There's not necessarily a one-to-one bullet-point-to-post correspondence in that list; I won't know exactly how much space it takes to make each point until I've done it. It seems excessively long to me too, but it's how my notes map out.
A summary post is more or less what I tried to start with and failed. It kept coming out in arguments that only 'work' for people that already know where I'm coming from, e.g. it assumed the superiority of specialized protocols and the Rule of Separation, neither of which means anything to nontechnical users or even most power users. Our base is tech savvy but it's mostly post-2000 tech-savvy, I think.
[edit: I might add a bullet-point summary to the bottom of this post without justifications after I've had a chance to see the comments and which objections people actually raise]
I assumed you didn't want people to raise technical objections to this post, and let you present your argument first. But if you want them now, here are some objections that gjm didn't mention:
I didn't, but I was assuming people would anyway. I was actually hoping for higher-level objections like the problems I listed in the post, but, well. I'll answer you anyway and maybe edit the post later. Most of these fall under 3.2 and 3.3 in the outline.
(ETA: I am answering this in moderate detail not to encourage technical back-and-forth but to demonstrate that I have thought this through)
Meta: replying in a list-based format is inconvenient and I tentatively suggest making a separate reply for each significant list item.
Agreed that it's inconvenient. Rather than separate it I'll cut it down. 2, 4, and 6 all collapse to "client feature sets differ"; this is a meta-feature, not a meta-bug. The downside of client control is that not everybody sees the same thing. The upside of client control is client competition, which has similar benefits to market competition.
Solving adoption is the point of section 2 and is too long to describe here. Note that, as mentioned, I do not actually expect this to be adopted. The world isn't that kind.
3 is a legitimate problem and will be addressed, but it's the sort of thing where I need to spin up INN and see how it actually behaves when presented with edit-style supersedes. If there is a weak point in my "this is possible" argument, this is it.
That misses my point. Some features, like voting, can't be implemented as clientside features, because clients would need to communicate about them (and establish consensus).
Contemporary HTML. On the other hand the original HTML (of the early 90s vintage) is a simple page description language designed to be hand-coded.
A well-defined limited subset of HTML would probably be easier to implement than some superset of markdown.
A subset of HTML is still unsuited to human editing. Even more so than full HTML, because it doesn't have the justification of being a complex and extendable syntax. A superset of markdown would be much more usable, for people writing plaintext, than a subset of HTML. Especially if, as now, the majority of posts and comments require more or less only regular markdown and no superset features like tables.

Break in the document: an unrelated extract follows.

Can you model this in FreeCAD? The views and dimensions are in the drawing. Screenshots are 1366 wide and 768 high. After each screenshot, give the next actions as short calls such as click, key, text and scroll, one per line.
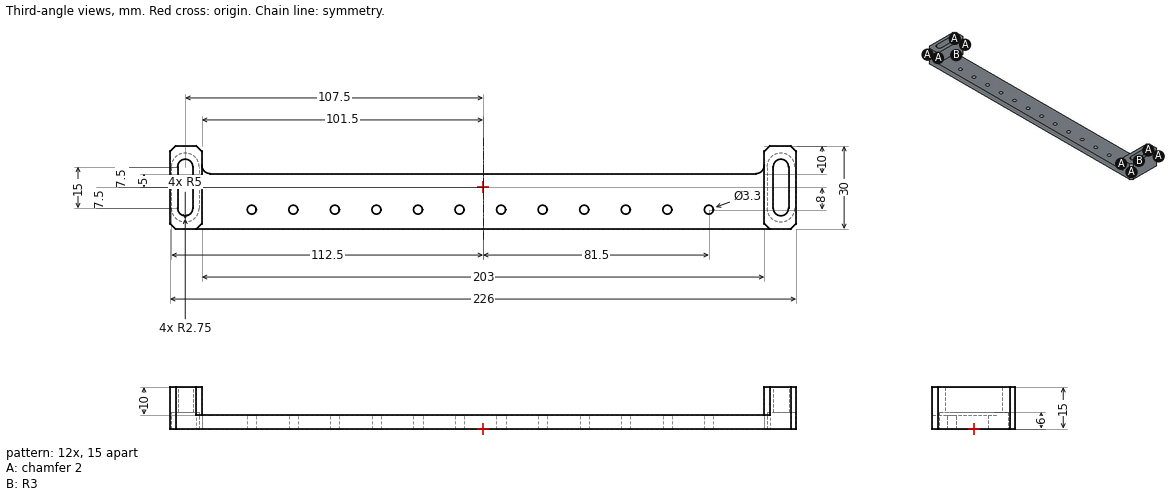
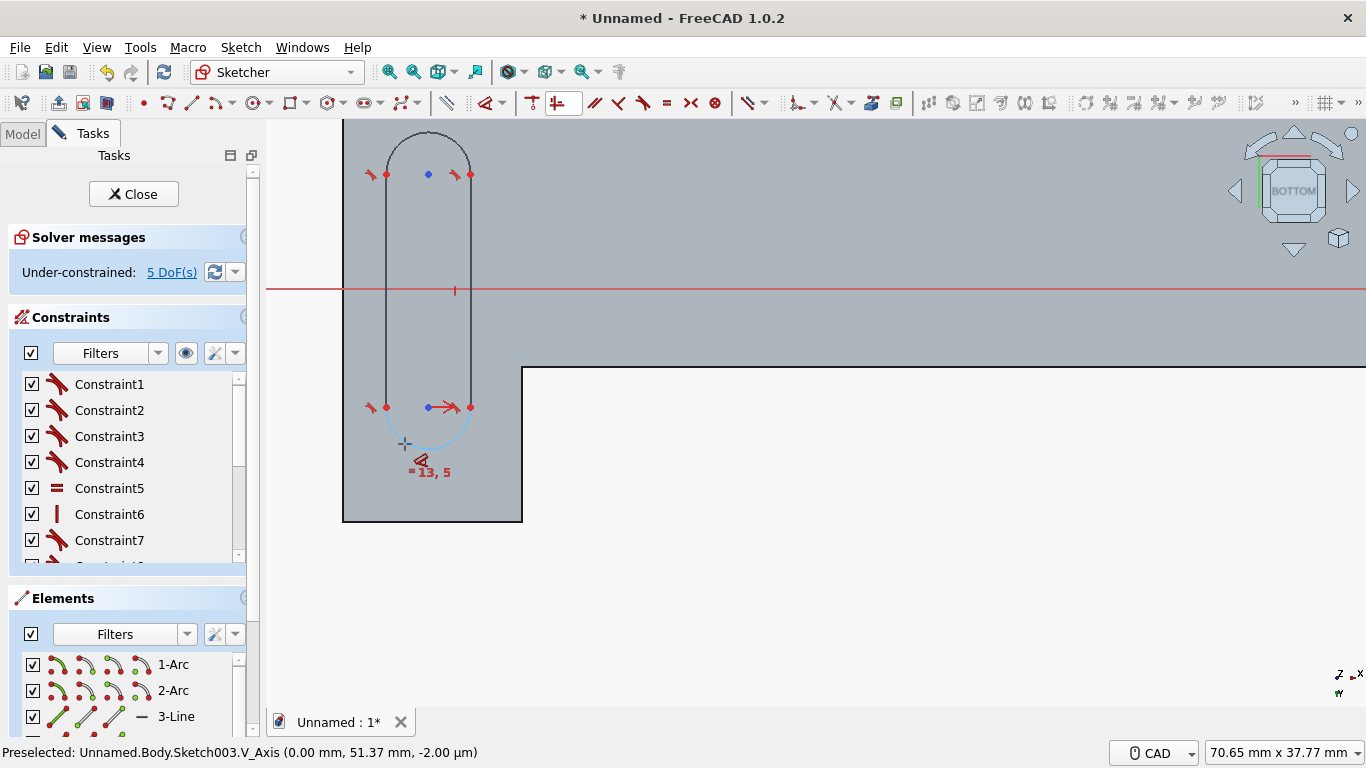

People from the 90s would disagree and rich text editors can output whatever. Of course markdown is better for specifying minor formatting while you write the content -- that's what it was explicitly designed for. However the advantage of HMTL is ubiquity.
The majority of posts and comments use only links, bold/italics, and an occasional bulleted list. Inline images are culturally disapproved of and tables are rare. At this level pretty much anything would work.
I don't get your point here. HTML's ubiquity is important for display, not for editing. Markdown is converted to HTML for display. As a user I prefer writing in markdown to writing in HTML. Don't you?
That doesn't mean anything would be equally as comfortable as anything else.
We are talking about the acceptable format for messages as they are processed and stored by the system, right? Ease of input is a separate issue and your editor can and should allow you to write in whatever way you find most comfortable.
The format for server-side processing and storage should be the input format unless there is specific cause not to use it (3.2). Conversion to display formats should be done client-side and as late as possible. HTML, as Dan says, is a display format.
(this distinction exists even for server-side clients, e.g. web clients)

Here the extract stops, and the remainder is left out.